時間の計算で、誤差を出さないようにするには、「TEXT関数」と「VALUE関数」を使います。

ちょっとやってみます。

「計算した時間」と「手入力した時間」で誤差

「2021/5/1 12:00」から「2021/5/1 10:00」を引いた時間と、手入力した時間を比較してみます。

数式は、こんな感じです。

=A2-A1
=A4=A6

では、セルに入力してみます。

引き算した時間を比較

引き算した時間と手入力した時間を比較

結果は、「FALSE」となりました。

なぜじゃー。
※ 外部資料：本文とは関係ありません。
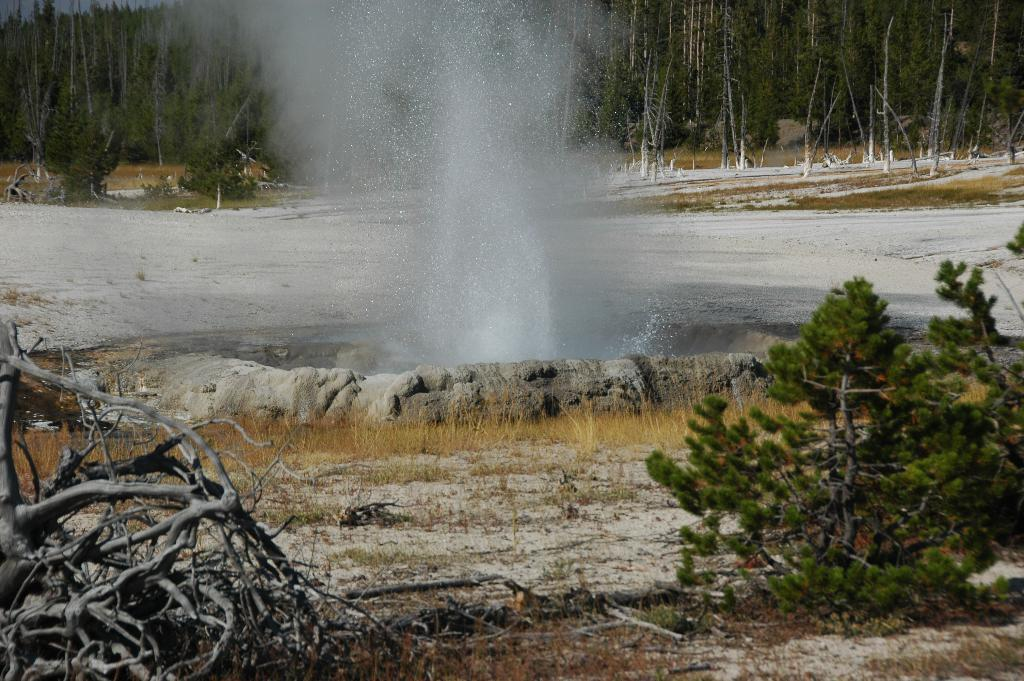What is the main subject of the picture? The main subject of the picture is a hot spring. What can be seen inside the hot spring? There is water in the hot spring. What type of natural environment is visible in the background of the picture? There are trees in the background of the picture. How many lizards are sitting on the coat in the image? There are no lizards or coats present in the image; it features a hot spring with water and trees in the background. What type of baseball equipment can be seen in the image? There is no baseball equipment present in the image.

となります。

細かい小数点まで、表示してみるとわかります。

引き算した時間に誤差が出る

引き算の結果を細かい小数点まで表示する

引き算した方の時間に、微妙ですけど、誤差が出てますよね。

これが、「FALSE」になった原因です。

TEXT関数とVALUE関数を使うと、誤差をゼロにすることができます。

「TEXT関数」と「VALUE関数」を使う

TEXT関数とVALUE関数を使って、引き算の結果を手入力した場合と、同じ値にしてみます。

セルに入力する数式は、こんな感じになります。

=A2-A1
=TEXT(A4,"h:mm:ss")
=VALUE(A6)

引き算の結果を、一旦、文字列の時間に変換して、再度、シリアル値に変換しています。

TEXTとVALUEで誤差をなくす

TEXT関数とVALUE関数で引き算した結果から誤差をなくした結果

結果は、「2:00:00」となります。

もちろん時間の表示でみたときは、同じ結果です。

TEXT関数とVALUE関数をまとめると、こんな感じになります。

=VALUE(TEXT(A2-A1,"h:mm:ss"))

では、セルに入力してみます。

TEXTとVALUEをまとめる

TEXT関数とVALUE関数をまとめて変換した結果

結果は、同じく「2:00:00」です。

では、手入力した時間と比較してみます。

比較する数式は、こんな感じです。

=A4=A6

では、時間を比較してみます。

引き算した時間を比較

TEXT関数とVALUE関数で変換した時間と手入力した時間を比較した結果

結果は、めでたく「TRUE」となりました。

TEXT関数とVALUE関数で、時間の変換をすると、手入力した時間と、うまく比較することができます。

おわりに

この記事では、時間を比較する方法について、ご紹介しました。

時間を比較するには、数値の比較と同じように、比較演算子を使うとできます。

時間の比較には、次のような比較の仕方がありました。

  • セルに入力された時間を比較
  • 数式に時間を入力して比較
  • TIME関数を使って比較

時間の比較をする際の注意点は、計算した時間は、誤差が出る場合があることです。

計算した時間を比較に使う場合は、「TEXT関数」と「VALUE関数」で、誤差をゼロにしてから、比較をしましょう。

参考になればと思います。最後までご覧くださいまして、ありがとうございました。